La guerre de placement à l'amorce de la trouée d'Arenberg, l'un des secteurs stratégiques de la course, devrait donc être encore très importante malgré ce changement. "Si tu veux être à l'avant, il faut être placé au bon endroit au bon moment. Sinon tu n'existes pas, ta course est morte. Oui j'emploie des termes assez forts comme agressivité", a assumé Julien Jurdie. "Je mets la musique de Rocky dans le bus. Mais le cyclisme est un combat. Il faut garder sa place, on n'a aucun cadeau à faire. Je ne vais pas dire aux mecs: 'Restez à l'arrière, comme ça on est sûrs de ne pas tomber, et on verra après.'"

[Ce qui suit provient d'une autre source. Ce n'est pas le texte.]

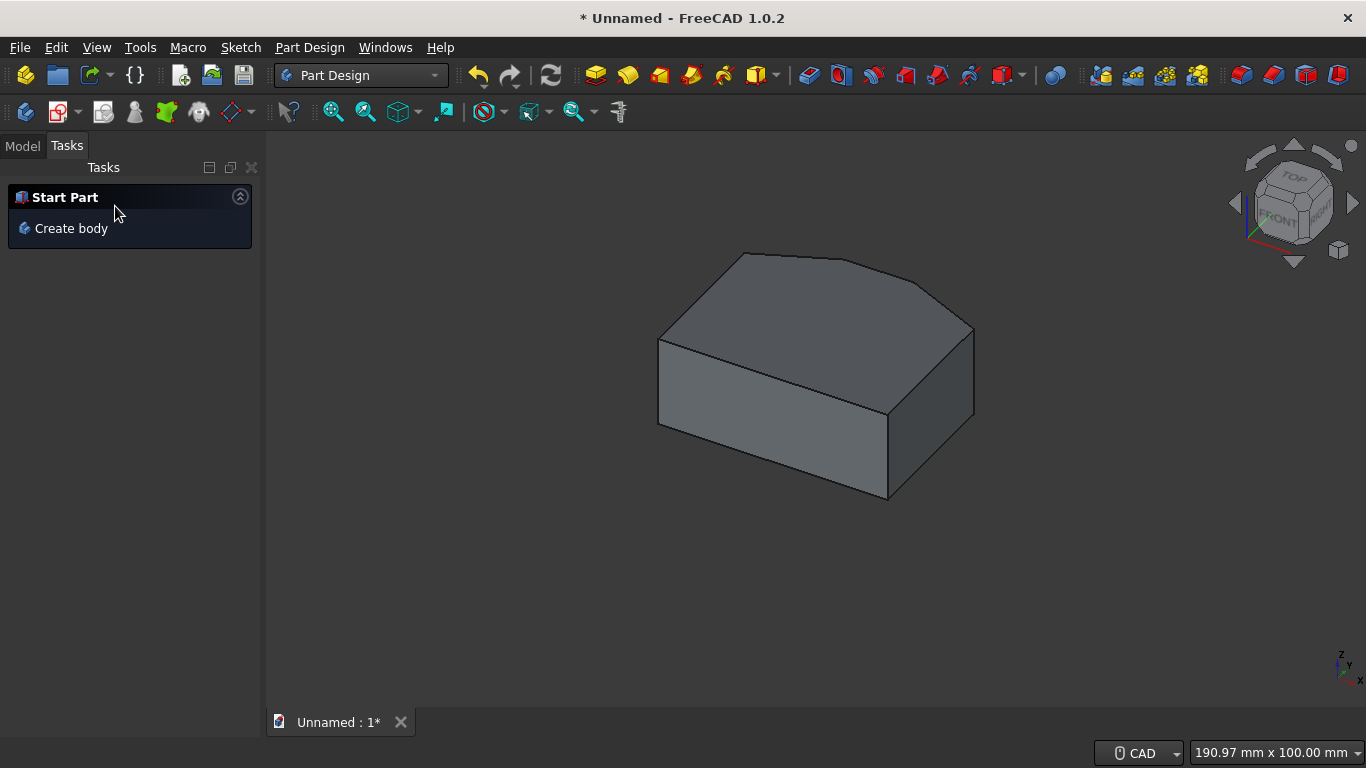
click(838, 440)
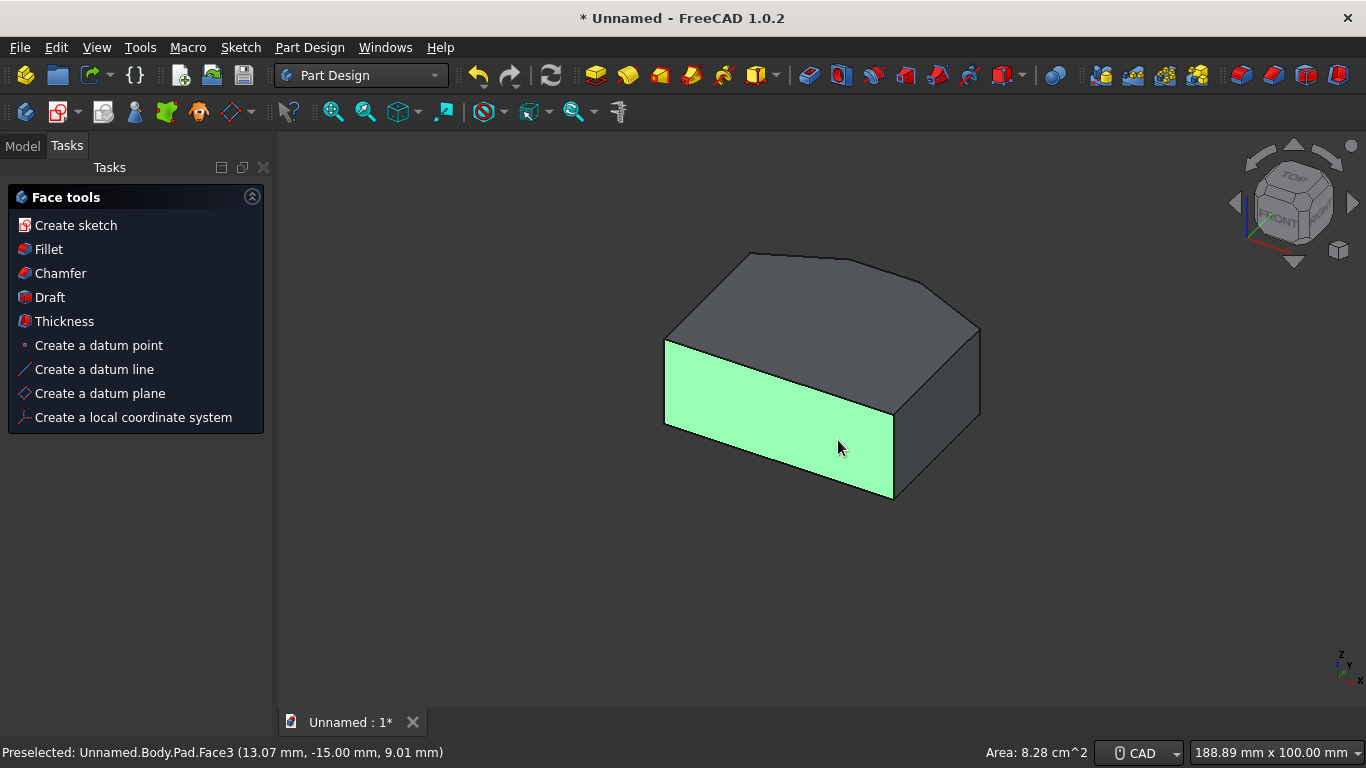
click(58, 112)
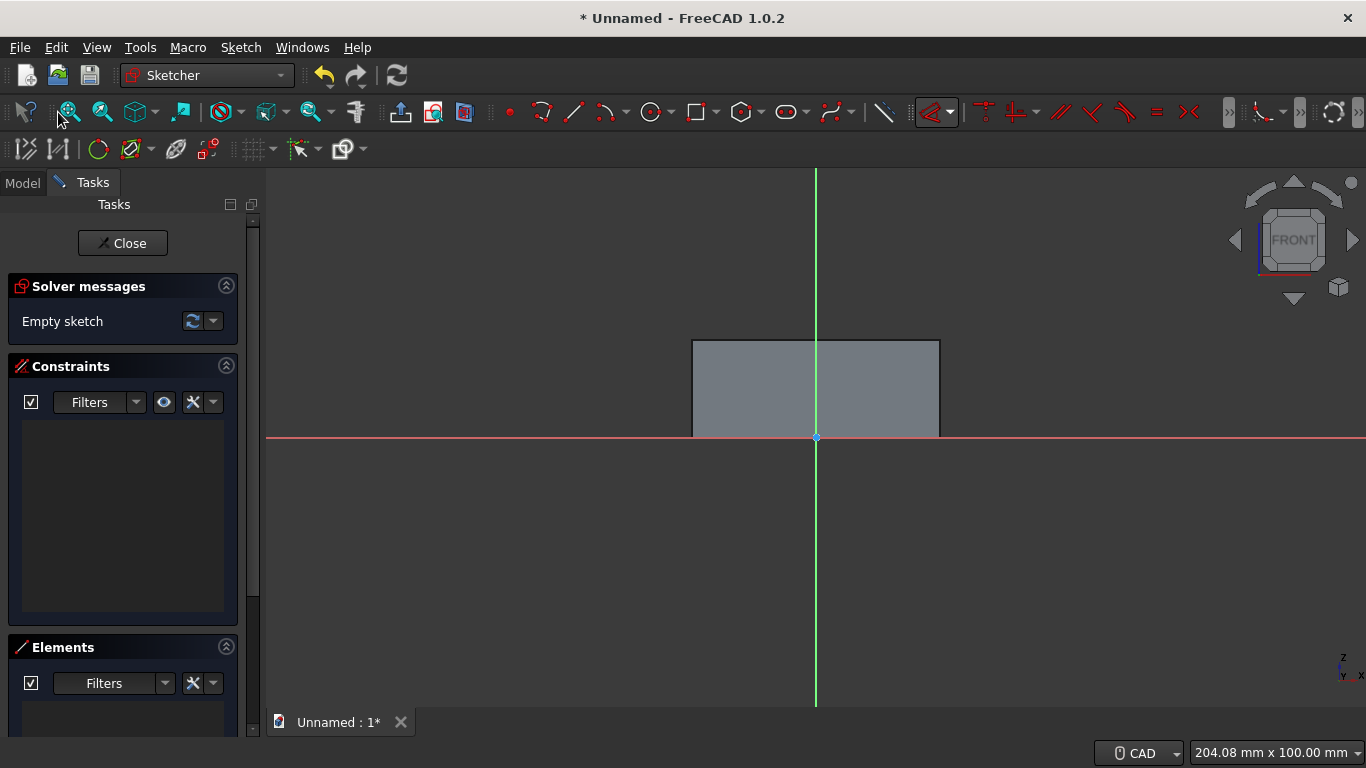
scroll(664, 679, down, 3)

L'évolution du matériel dans le viseur
"Pour l'instant, on demande aux organisateurs de mettre des pansements sur ce problème mais à long terme, il va falloir réfléchir à la réglementation du matériel et peut-être aussi au comportement des coureurs", ajoutait encore Thierry Gouvenou toutefois favorable à cette chicane. "J'ai couru ici douze fois, et douze fois je suis arrivé devant la trouée d'Arenberg en me demandant comment j'allais en ressortir."
Marc Madiot rejoint lui aussi l'avis de Thierry Gouvenou sur cette évolution du cyclisme et la tendance récente des grosses chutes. "Le vélo n'est plus adapté à la circulation moderne sur la voie publique, c'est tout", a tranché le manager. "D'un côté, on fait tout ce qu'il faut pour ralentir la circulation, par mesure de sécurité, par rapport aux véhicules, par rapport au vélo, aux motos, etc. Et nous, les coureurs cyclistes et la course cycliste, on va de plus en vite avec un niveau moyen du peloton qui est de plus en plus élevé. Donc à un moment ça passe plus."
Pour Madiot, il faut également "ralentir l'évolution au niveau du matériel" en premier lieu mais aussi "limiter les interactions avec les oreillettes". "Qu'est-ce qu'on va dire tous dimanche quand on va être à l'approche d'Aremberg? Qu'est-ce qu'on va dire dans les oreillettes? On va donc tous dire la même chose : 'remontez, soyez placés, faut virer en tête'. Et là, ça risque de créer le danger malgré la chicane." Toutefois, Marc Madiot est fataliste sur le fait que l'Union cycliste internationale revienne en arrière sur de tels sujets, qui reviennent très régulièrement au cœur des débats.